Nitrobenzene is prepared by direct nitration of benzene, using a nitric acid-sulphuric

acid mixture. The reaction vessel or nitrator is a specially built cast-iron or steel

kettle fitted with an efficient agitator. The kettle is jacketed and generally contains

internal cooling coils for proper control of the exothermic reaction.

Nitrobenzene can be produced by either a batch or a continuous process

with a typical batch, the reactor is charged with benzene, and the nitrating acid (56-

60% H2SO4,27-32wt% HNO3 and 8-17%wt% H2O) is added slowly below the

surface of the benzene. The temperature of the mixture is maintained at 55-55C by

adjusting the feed rate of the mixed acid and the amount of cooling. the temperaturecan be raised to 90C towards the end of the reaction to promote completion of

reaction. The reaction mixture is fed into separator where the spent acid settles to the

bottom and is drawn off to be refortified. The crude nitrobenzene is drawn from the

top to the separator and washed in several steps. depending on the desired purity of

the nitrobenzene the product can be distilled. Usually a slight excess of the benzene is

used to ensure that little or no nitric acid remains in spent acid. Yield is about 98%.

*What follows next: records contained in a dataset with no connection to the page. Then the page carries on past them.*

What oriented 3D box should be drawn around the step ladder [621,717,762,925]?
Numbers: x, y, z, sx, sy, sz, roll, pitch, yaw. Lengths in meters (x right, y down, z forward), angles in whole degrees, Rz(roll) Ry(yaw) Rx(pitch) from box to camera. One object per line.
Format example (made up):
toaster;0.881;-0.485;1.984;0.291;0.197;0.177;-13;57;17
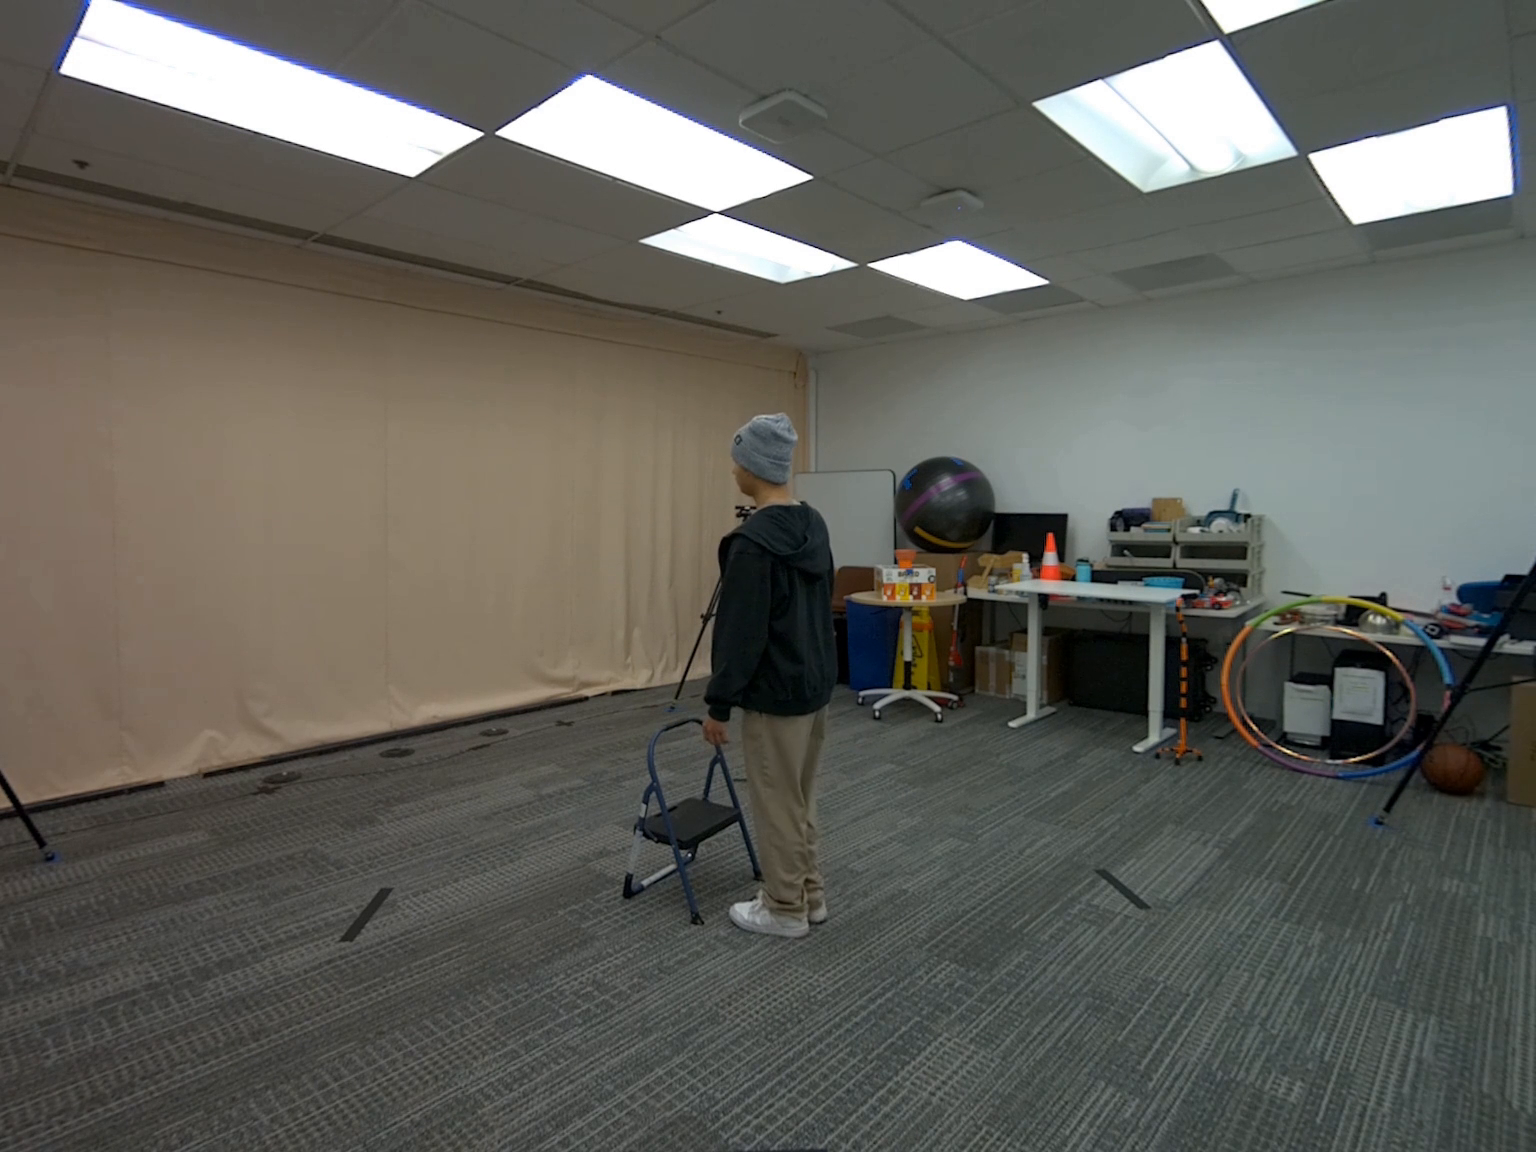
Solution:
step ladder;-0.268;0.837;3.053;0.360;0.605;0.418;2;4;32

Because of a continuous nitration process generally offers lower capital cost and more

efficient labor usage than a batch, most if not all of the nitrobenzene produce use

continuous process.

Benzene nitrating acid (56-65 wt% H2SO4,20-26%HNO3 & 15-18wt%

water) are fed into the nitrator, which can be a stirred cylindrical reactor with internal

cooling coils and external heat exchangers or cascade of such reactors.

The nitator also can be designed as a tubular reactor e.g. tube and shell

heat exchangers with appropriate cooling coils involving turbulent flow. Generally,

with a tubular reactor the reaction mixture is pumped through the reactor cycle loop

and a portion of the mixture is withdrawn and fed into the separator.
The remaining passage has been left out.